Inquiring into the artistic process and its product

Photo by Megan Moore.

As the semester draws to a close, the VAV gallery at Concordia has launched its final exhibit of 2012, one which will surely encourage discussion.

Queer Partnerships, attempts to look at the different shapes human contact and creative collaboration take, while exploring and challenging the artistic conventions of masculinity, singularity and heteronormativity. To this purpose, the exhibit provides an opportunity for the audience to explore both the artistic process and its product.

The Queer Partnerships Collective is a group of students assembled by Concordia professor Erin Silver, in the context of her ART398 class, Significant “Others”: Queer Partnerships in Art & Art-Making. Silver paired the students in her class with an artist mentor from Montreal and Toronto, in order to focus attention on the possibilities of queer artistic collaborations.
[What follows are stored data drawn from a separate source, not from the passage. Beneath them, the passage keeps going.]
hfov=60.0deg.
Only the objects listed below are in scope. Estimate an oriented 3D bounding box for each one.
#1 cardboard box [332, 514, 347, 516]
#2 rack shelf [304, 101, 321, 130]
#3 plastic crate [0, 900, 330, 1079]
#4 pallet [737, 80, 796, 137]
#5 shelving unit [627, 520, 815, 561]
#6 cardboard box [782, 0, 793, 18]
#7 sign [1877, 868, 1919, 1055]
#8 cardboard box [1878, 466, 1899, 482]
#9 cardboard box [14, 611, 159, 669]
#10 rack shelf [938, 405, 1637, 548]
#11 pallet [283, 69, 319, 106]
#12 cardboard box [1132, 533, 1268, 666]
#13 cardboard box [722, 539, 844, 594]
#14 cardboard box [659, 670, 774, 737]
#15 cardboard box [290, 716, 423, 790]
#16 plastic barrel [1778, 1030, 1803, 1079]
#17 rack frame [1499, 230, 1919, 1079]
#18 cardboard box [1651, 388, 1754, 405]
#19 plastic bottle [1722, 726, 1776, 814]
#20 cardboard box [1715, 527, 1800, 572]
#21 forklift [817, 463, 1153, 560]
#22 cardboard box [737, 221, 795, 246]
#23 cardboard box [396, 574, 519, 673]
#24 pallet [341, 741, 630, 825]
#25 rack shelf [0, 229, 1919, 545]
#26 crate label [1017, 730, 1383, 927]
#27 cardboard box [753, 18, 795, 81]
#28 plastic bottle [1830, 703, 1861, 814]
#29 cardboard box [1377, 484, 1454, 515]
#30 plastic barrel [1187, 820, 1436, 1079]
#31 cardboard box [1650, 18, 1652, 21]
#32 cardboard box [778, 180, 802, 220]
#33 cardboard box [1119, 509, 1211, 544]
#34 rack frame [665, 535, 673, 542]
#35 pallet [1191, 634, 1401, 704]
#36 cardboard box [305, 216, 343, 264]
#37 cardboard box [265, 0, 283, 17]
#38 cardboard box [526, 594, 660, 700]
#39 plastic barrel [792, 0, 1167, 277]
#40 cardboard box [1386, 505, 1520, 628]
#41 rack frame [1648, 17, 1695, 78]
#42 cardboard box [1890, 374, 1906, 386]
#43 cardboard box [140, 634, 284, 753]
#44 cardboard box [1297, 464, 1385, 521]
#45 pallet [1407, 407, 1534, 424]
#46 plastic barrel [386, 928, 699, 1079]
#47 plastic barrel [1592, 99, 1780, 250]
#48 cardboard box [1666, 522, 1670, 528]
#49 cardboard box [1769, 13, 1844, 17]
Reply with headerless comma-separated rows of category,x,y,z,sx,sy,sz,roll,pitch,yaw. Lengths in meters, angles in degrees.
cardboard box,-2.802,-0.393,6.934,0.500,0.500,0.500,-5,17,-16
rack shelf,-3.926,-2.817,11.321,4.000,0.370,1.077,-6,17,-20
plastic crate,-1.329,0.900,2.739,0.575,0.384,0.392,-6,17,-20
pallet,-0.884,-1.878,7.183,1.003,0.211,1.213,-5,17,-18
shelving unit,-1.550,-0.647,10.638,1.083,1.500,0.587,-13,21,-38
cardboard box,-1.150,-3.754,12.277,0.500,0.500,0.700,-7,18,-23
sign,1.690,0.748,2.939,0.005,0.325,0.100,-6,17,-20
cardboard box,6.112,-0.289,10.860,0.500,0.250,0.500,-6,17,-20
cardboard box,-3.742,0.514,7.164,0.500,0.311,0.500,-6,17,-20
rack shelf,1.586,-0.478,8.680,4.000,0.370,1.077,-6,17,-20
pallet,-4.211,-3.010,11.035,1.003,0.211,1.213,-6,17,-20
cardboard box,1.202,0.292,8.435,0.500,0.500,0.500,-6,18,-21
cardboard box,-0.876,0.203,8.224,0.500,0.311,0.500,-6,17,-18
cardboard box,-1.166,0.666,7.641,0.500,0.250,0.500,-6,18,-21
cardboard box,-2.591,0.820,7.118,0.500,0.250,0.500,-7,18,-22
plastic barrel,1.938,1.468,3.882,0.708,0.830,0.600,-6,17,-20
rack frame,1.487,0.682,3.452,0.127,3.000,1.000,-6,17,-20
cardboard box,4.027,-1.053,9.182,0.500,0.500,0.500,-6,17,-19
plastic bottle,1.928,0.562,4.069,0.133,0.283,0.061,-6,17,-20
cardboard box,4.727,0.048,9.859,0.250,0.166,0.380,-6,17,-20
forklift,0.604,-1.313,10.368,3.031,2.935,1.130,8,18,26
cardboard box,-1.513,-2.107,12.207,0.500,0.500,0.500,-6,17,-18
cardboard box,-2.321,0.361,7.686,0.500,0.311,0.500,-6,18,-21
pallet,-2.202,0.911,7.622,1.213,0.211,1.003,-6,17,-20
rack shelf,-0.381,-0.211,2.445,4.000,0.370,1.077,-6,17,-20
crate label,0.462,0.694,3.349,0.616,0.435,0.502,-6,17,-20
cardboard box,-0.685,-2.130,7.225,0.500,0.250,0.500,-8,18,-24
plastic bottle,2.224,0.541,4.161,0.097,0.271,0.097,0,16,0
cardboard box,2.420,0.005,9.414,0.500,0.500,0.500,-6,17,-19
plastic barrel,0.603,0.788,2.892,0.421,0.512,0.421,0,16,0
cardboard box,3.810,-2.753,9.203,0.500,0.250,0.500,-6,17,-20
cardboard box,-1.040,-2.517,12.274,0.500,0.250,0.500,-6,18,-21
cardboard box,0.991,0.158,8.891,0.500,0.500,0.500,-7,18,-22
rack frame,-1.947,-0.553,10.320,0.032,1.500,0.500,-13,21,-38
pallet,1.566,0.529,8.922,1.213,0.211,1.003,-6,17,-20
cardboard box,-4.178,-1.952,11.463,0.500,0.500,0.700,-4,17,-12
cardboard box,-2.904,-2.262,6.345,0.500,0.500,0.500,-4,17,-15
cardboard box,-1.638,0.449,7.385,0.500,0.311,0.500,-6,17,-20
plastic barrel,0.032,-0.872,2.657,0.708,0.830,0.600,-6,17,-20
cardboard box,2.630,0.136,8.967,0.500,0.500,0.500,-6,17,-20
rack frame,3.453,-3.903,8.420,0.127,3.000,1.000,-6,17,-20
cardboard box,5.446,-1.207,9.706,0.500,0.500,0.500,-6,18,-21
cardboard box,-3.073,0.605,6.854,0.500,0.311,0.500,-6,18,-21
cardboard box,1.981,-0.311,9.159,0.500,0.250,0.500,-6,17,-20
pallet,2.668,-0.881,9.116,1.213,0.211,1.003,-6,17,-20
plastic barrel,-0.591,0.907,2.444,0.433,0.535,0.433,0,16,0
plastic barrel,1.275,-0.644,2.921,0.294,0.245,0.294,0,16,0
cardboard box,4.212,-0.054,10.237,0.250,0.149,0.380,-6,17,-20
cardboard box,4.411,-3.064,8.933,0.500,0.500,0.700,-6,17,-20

Behind the scenes in this exhibit, the curatorial efforts put forth are also reflective of a desire to challenge artistic conventions. Clinton Glenn, the exhibit’s curator, is using Queer Partnerships as an experiment for his curatorial statement. Glenn explained that the point of the way he curated this exhibit was to challenge the traditional gallery approach by “destroying the narrative sequence that’s usually present in exhibits.”

He plans on scheduling a set number of interventions, affecting the setup of the exhibit and allowing him to analyze how people interact with gallery space.

Queer Partnerships is an exhibit that’s expecting a lot of exposure. Its participation in the World Aids Day this past weekend has earned it a lot of attention, both on and off campus. In light of the artists’ engagement in the queer subject matter, this exhibit is, if anything, a great example of how you can use art to advocate knowledge and opinions on given social issues. These pieces are very personal, some even including memorabilia from coming-out stories.

Overall, the exhibit has something raw to it that’s very compelling. It says a lot for just how close transparency can bring you to an artist and how it can advocate their overall message, but there’s nothing sleek or finished about it’s showcasing. You’re simply left with the impression that you are peeking into someone’s innermost thoughts, fears and advocacies, their perpetual work in progress.